Jill Anderson: So something I did want to talk to you about, but I'm going to ask you that just in the last few minutes, was a little bit about the responsibility of the federal government to help out in this area.

Chris Gabrieli: Now the federal government is a key player here. We have to remember that when we think of the federal government and its very aggressive role it played in the middle of the 2010 crisis in K-12 in the area where the federal government pays less than 10% of the cost of our system. It's largely born locally by taxpayers in school districts and by states. And then we contrast that with higher ed where the federal government is by far the largest check writer between Pell grants and the huge student loan programs. The federal government is a massive payer of the cost of college education and funder. We continue to be old fashioned there too. The US Department of Education secretary is routinely a K-12 person, even though they are an enormous financial player in higher ed. And their regulatory rules there are completely dominant because you cannot essentially run a modern college without getting federal money, both on the research and development side, but particularly on the student financing side.

And yet they have been kind of slow to move forward.
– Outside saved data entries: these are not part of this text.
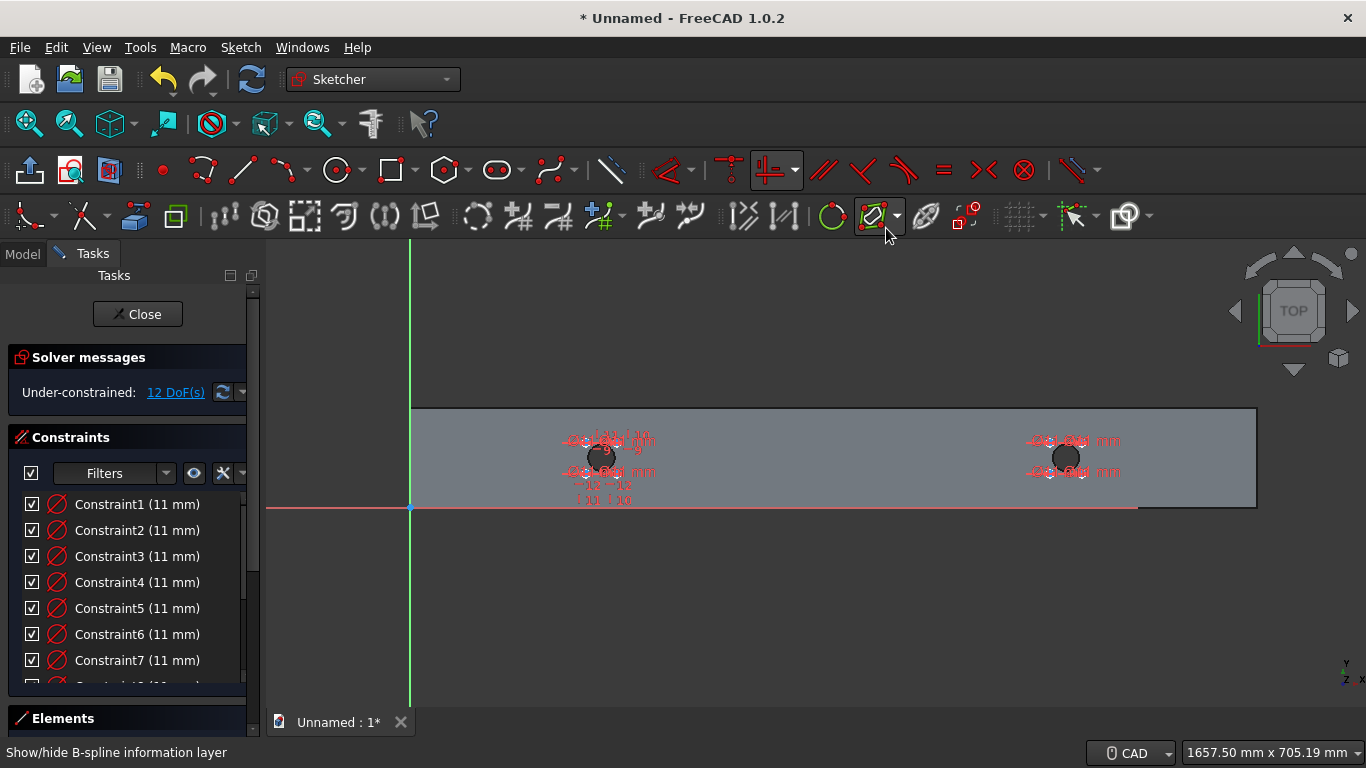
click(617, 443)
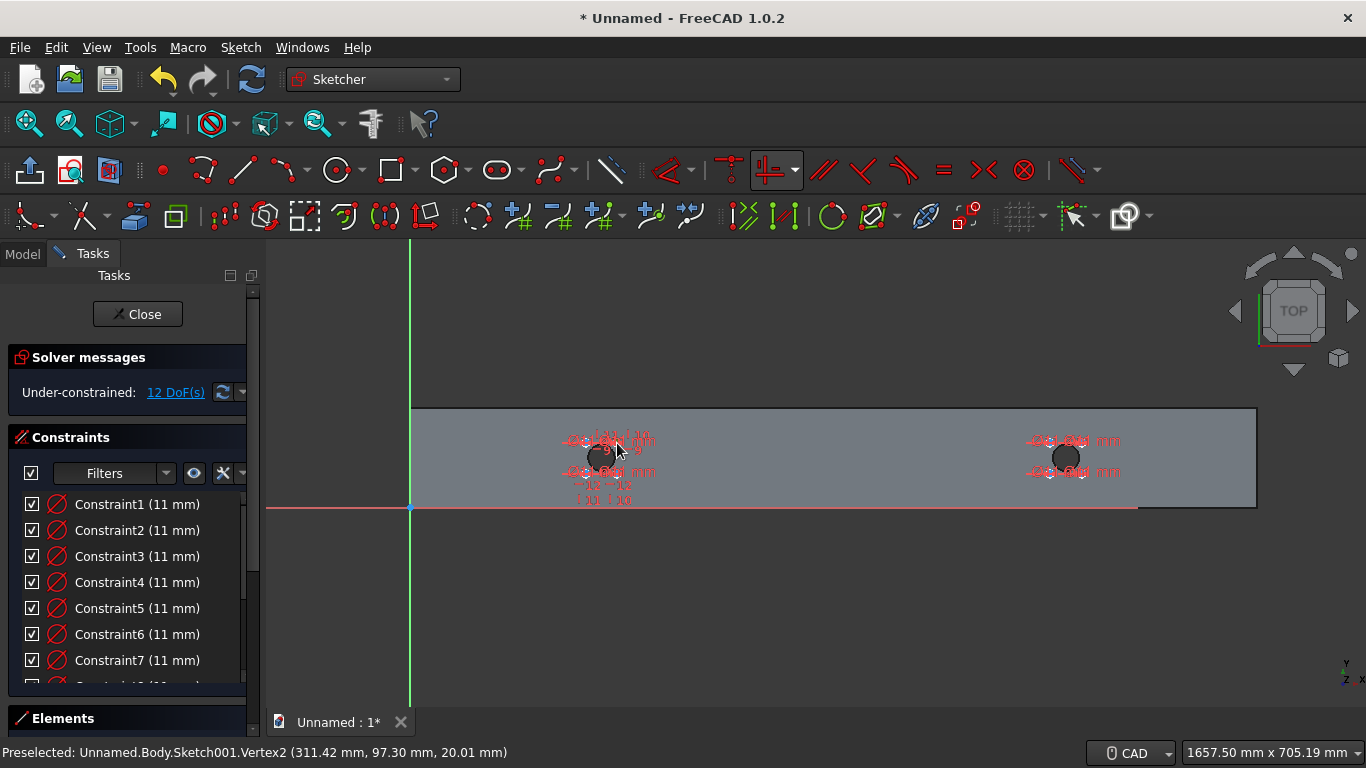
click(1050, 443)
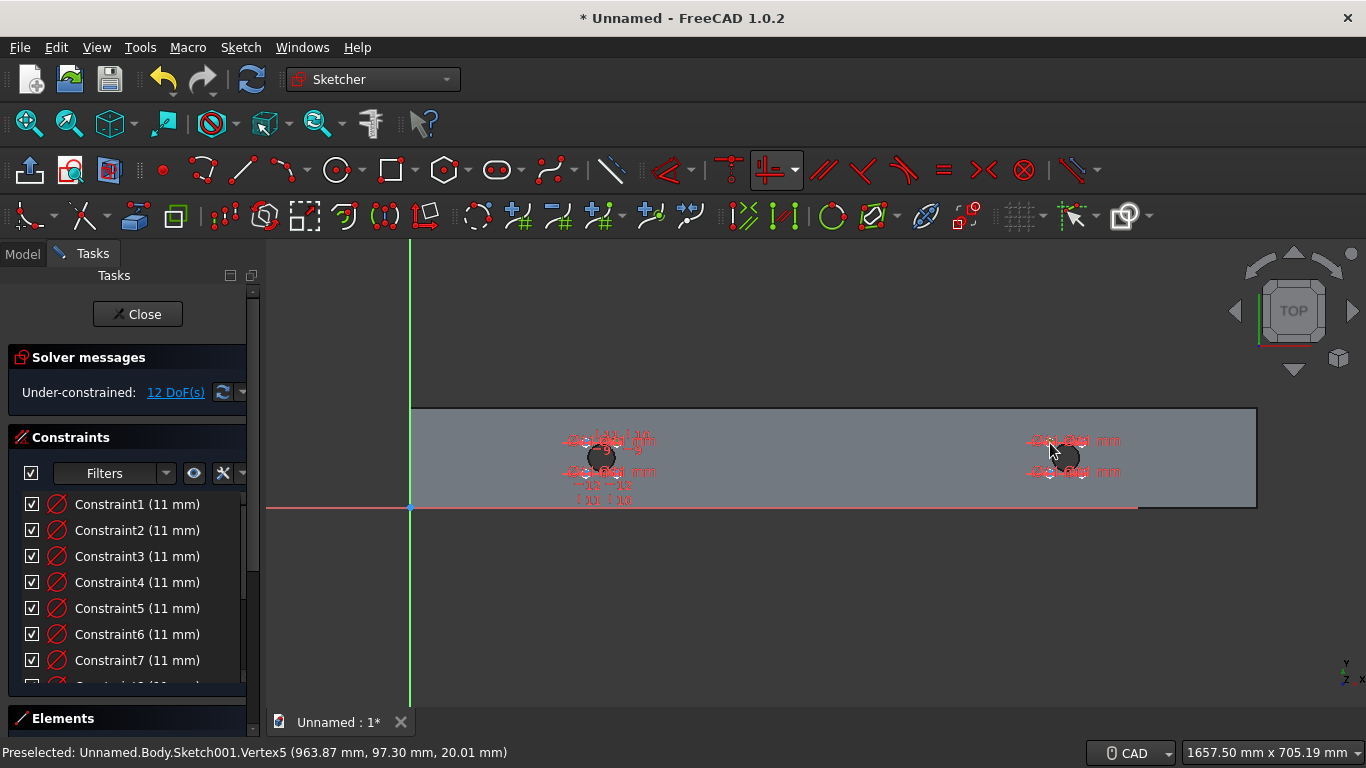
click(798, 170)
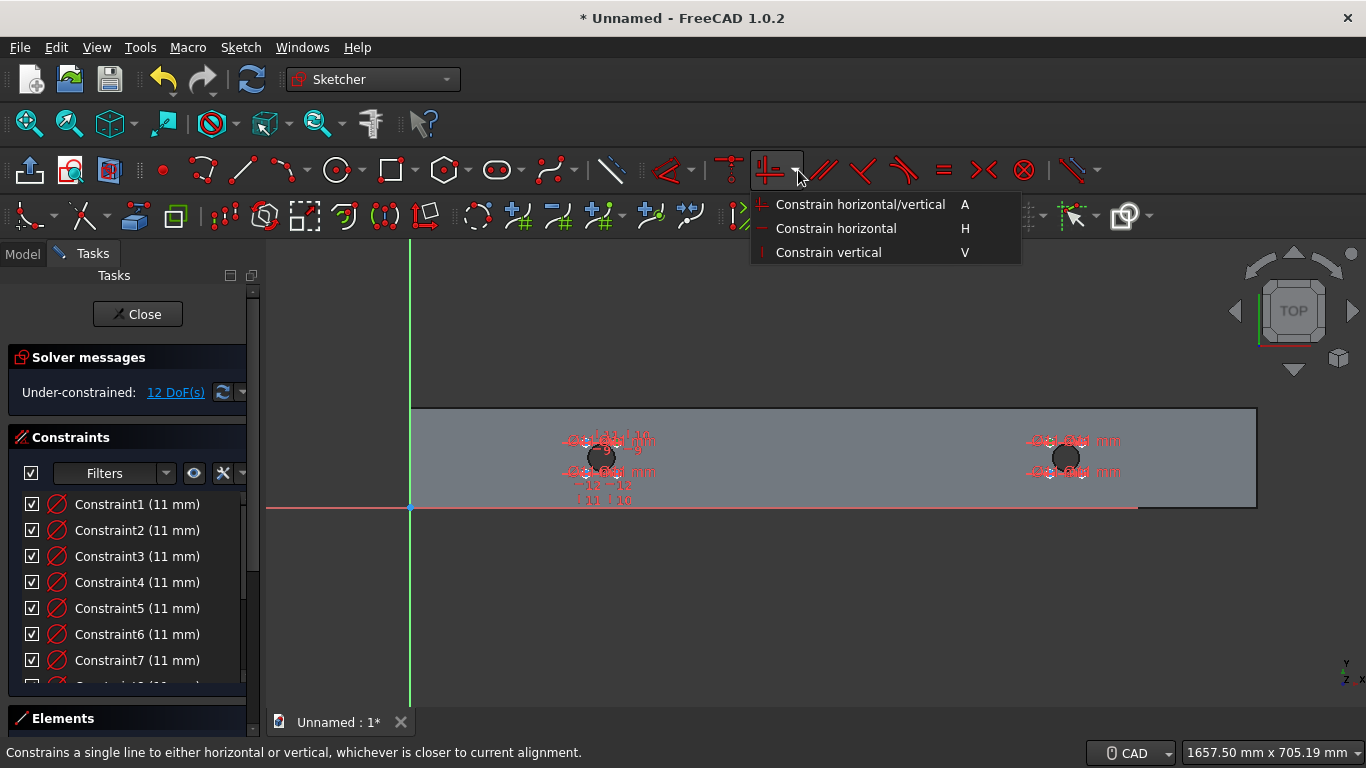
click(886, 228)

There are years and years behind at higher education act reauthorization. There was a lot of politics around the slogan, free college. It's a vision, it's a dream, it's a goal. It really turned into community college, but it wasn't a well thought through proposal, to be honest. And it's been already dropped out of Build Back Better discussion. So even if Build Back Better moves forward, that has been widely understood to be not going to happen.

And so at the moment, the federal government position is essentially laissez-faire on a system that costs too much, has grown faster than healthcare inflation. This is an amazing fact. Higher education costs have grown faster than healthcare inflation, which is just really breathtaking. It's why the middle class who's footing a lot of that bill is so nervous about the cost of college and yet at the same time, it has not been the access point to broadening equity. It's actually exacerbated the inequity in our society. So the federal government needs to wake up, smell the coffee and be more responsible financier and regulator of higher education, if we want the kind of higher education outcomes. We don't want to crush the beauty of the diverse American higher education system with many different levels, with many private colleges as well as public. But we sure as heck need a more responsible primary sort of driver in the federal government.

Jill Anderson: Hmm. Well, I almost want to end on a positive note, but I don't know if there is a positive note to end on.

Chris Gabrieli: No, I think the positive note is the higher education system continues to be a bastion of so many of the values that we wish our society to have of free and open inquiry, of advancing the frontiers of knowledge, of helping people think about what their true potential is. At every graduation there are so many students who step forward who are first time college graduates and particularly in public higher ed, I can tell you that it's a routine thing when I go to community college, state university graduations that they ask every student who's a first generation goer to stay standing and most of the audience stay standing. So it's wonderful to see. The statistical percentages tell us those are unfortunately closer to outliers than the mainstream. So it is beautiful to see that happen and it has got to become far more mainstream.

Jill Anderson: Well, thank you so much, Chris.

Chris Gabrieli: Thank you. It's a real pleasure to be with you.

Jill Anderson: Chris Gabrieli is chairman of the Massachusetts board of higher education and a lecturer at Harvard Graduate School of Education. I'm Jill Anderson. This is the Harvard EdCast produced by the Harvard Graduate School of Education. Thanks for listening.